If you cvs up, the histogram pairs are now followed by an account of the
spam_cutoff rates that minimize fp+fn. You can set another new option to
make that analysis look more kindly upon false negatives than false
positives (or vice versa). I recommend that you also set nbuckets to 100 or
200 (the default is 40), as you've got much denser overlap than other people
are seeing, and a change of 0.025 in spam_cutoff for you in the overlap
range is going to reclassify 50-100 messages. More buckets would allow
finer-grained analysis.
> ...
> Here are the overall graphs from the f(w) run:
>
> -> <stat> Ham scores for all runs: 2000 items; mean 22.67;
> sample sdev 7.57
> * = 5 items
> 0.00 5 *
> 2.50 6 **
> 5.00 16 ****
> 7.50 48 **********
> 10.00 80 ****************
> 12.50 121 *************************
> 15.00 195 ***************************************
> 17.50 277 ********************************************************
> 20.00 278 ********************************************************
> 22.50 260 ****************************************************
> 25.00 257 ****************************************************
> 27.50 168 **********************************
> 30.00 125 *************************
> 32.50 55 ***********
> 35.00 40 ********
> 37.50 20 ****
> 40.00 18 ****
> 42.50 12 ***
> 45.00 7 **
> 47.50 4 *
> 50.00 1 *
> 52.50 5 *
> 55.00 0
> 57.50 0
> 60.00 2 *
> 62.50 0
> 65.00 0
> 67.50 0
> 70.00 0
> 72.50 0
> 75.00 0
> 77.50 0
> 80.00 0
> 82.50 0
> 85.00 0
> 87.50 0
> 90.00 0
> 92.50 0
> 95.00 0
> 97.50 0
>
> -> <stat> Spam scores for all runs: 2000 items; mean 69.27;
> sample sdev 12.38
> * = 3 items
> 0.00 0
> 2.50 0
> 5.00 0
> 7.50 0
> 10.00 0
> 12.50 0
> 15.00 0
> 17.50 0
> 20.00 1 *
> 22.50 0
> 25.00 1 *
> 27.50 2 *
> 30.00 1 *
> 32.50 6 **
> 35.00 4 **
> 37.50 10 ****
> 40.00 23 ********
> 42.50 20 *******
> 45.00 37 *************
> 47.50 41 **************
> 50.00 60 ********************
> 52.50 56 *******************
> 55.00 70 ************************
> 57.50 107 ************************************
> 60.00 124 ******************************************
> 62.50 121 *****************************************
> 65.00 151 ***************************************************
> 67.50 163 *******************************************************
> 70.00 166 ********************************************************
> 72.50 169 *********************************************************
> 75.00 139 ***********************************************
> 77.50 126 ******************************************
> 80.00 102 **********************************
> 82.50 95 ********************************
> 85.00 79 ***************************
> 87.50 53 ******************
> 90.00 46 ****************
> 92.50 23 ********
> 95.00 4 **
> 97.50 0
>
> It looks to me like the problem (whatever it is) with my data is that it
> causes the standard deviation to get quite large, though the mean
> spam score seems to be a bit lower than other stuff I've seen. What would
> cause that? More variability in my spam?
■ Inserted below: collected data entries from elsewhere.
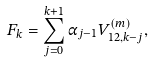<formula> <loc_0><loc_0><loc_500><loc_500>F _ { k } = \sum _ { j = 0 } ^ { k + 1 } \alpha _ { j - 1 } V _ { 1 2 , k - j } ^ { ( m ) } ,</formula> 
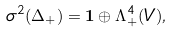<formula> <loc_0><loc_0><loc_500><loc_500>\sigma ^ { 2 } ( \Delta _ { + } ) = { \mathbf 1 } \oplus \Lambda ^ { 4 } _ { + } ( V ) ,</formula> 
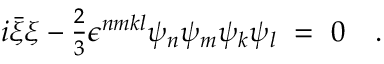<formula> <loc_0><loc_0><loc_500><loc_500>i \bar { \xi } \xi - { \frac { 2 } { 3 } } \epsilon ^ { n m k l } \psi _ { n } \psi _ { m } \psi _ { k } \psi _ { l } \ = \ 0 \quad .</formula> 
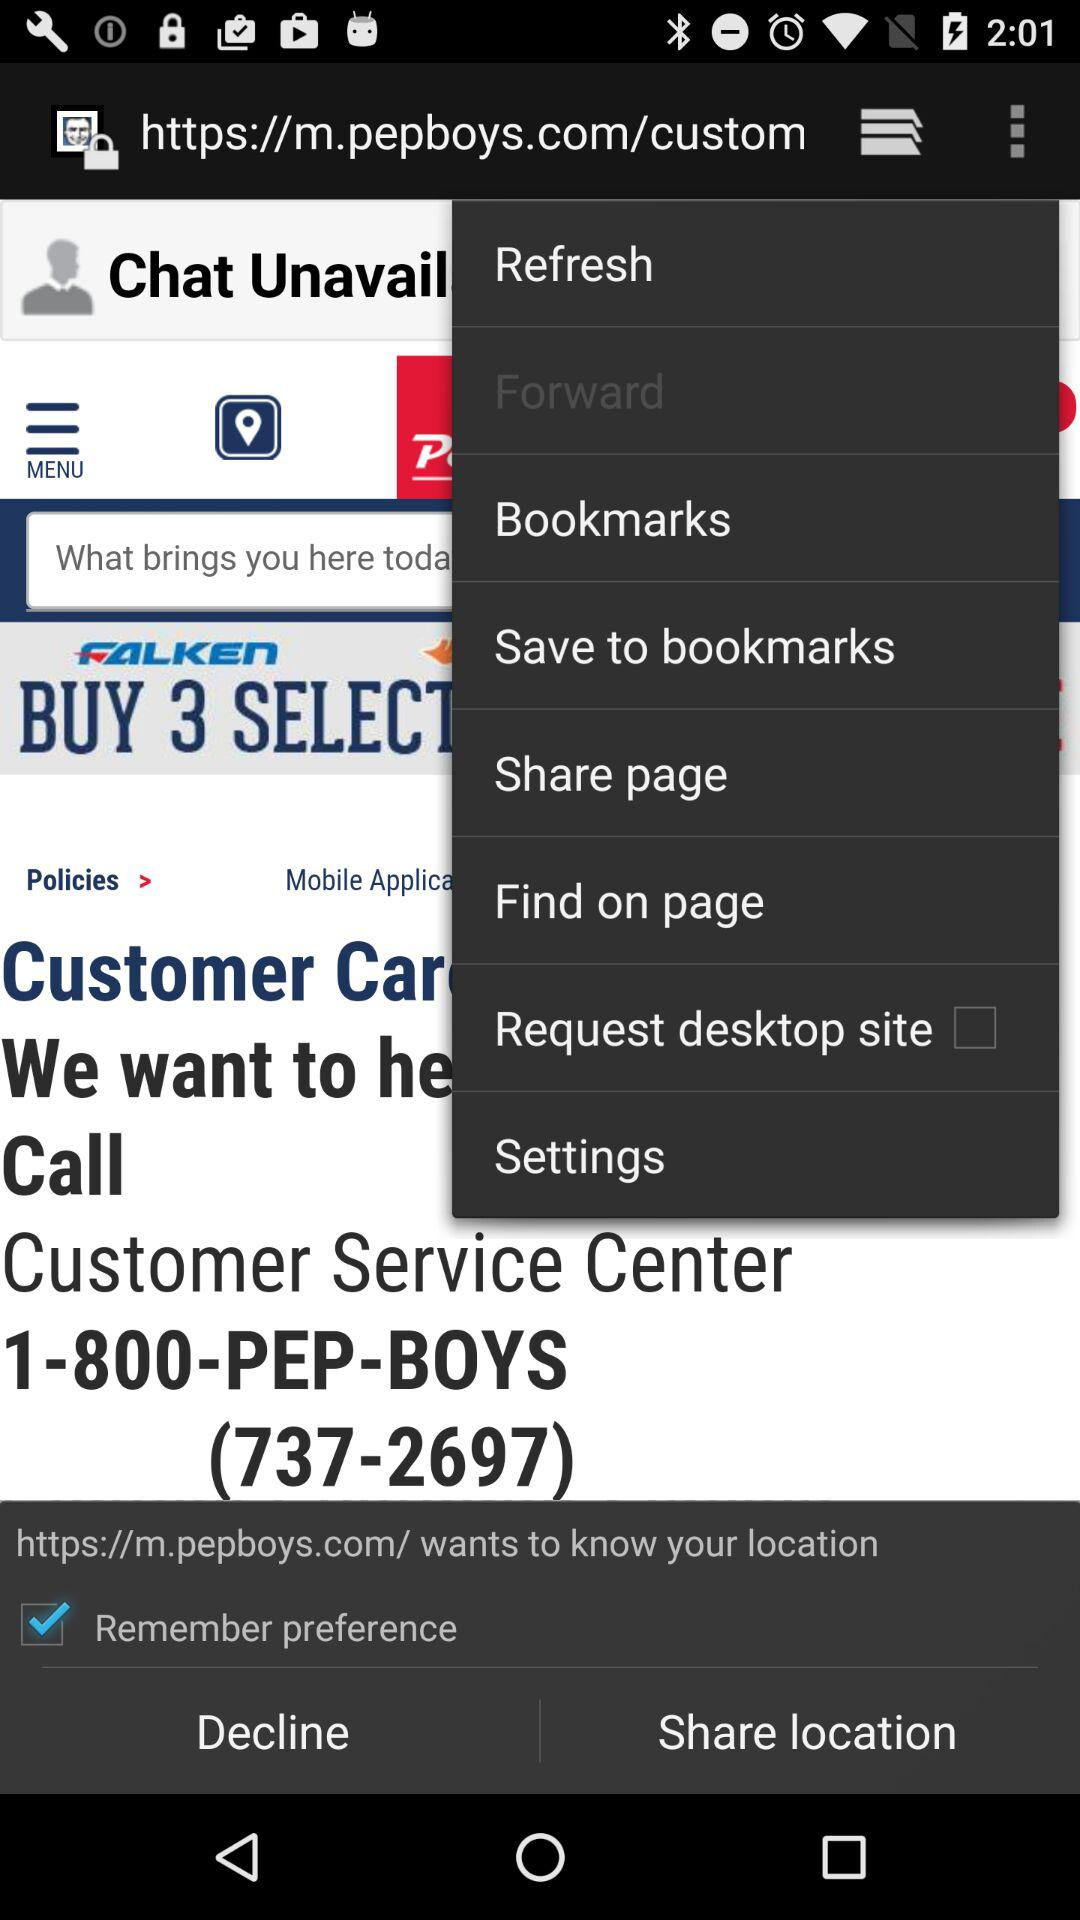What is the status of "Remember preference"? The status of "Remember preference" is "on".

Possibly, although that's hard to swallow since spam seems so much alike in
so many ways. Why would the spam you get be more variable than the spam
everyone else gets?
Another possibility is that your ham contains popular spam words. For
example, if you have significant ham that talks about diet and exercise,
Nigeria, or the size of assorted sexual organs, that would spread out your
spam scores. As mentioned at the top, the way to get an experienced eyeball
to look at this needs to be followed up on. You have an amazing percentage
of low-scoring spam!
Just for fun, try setting robinson_minimum_prob_strength to 0.4.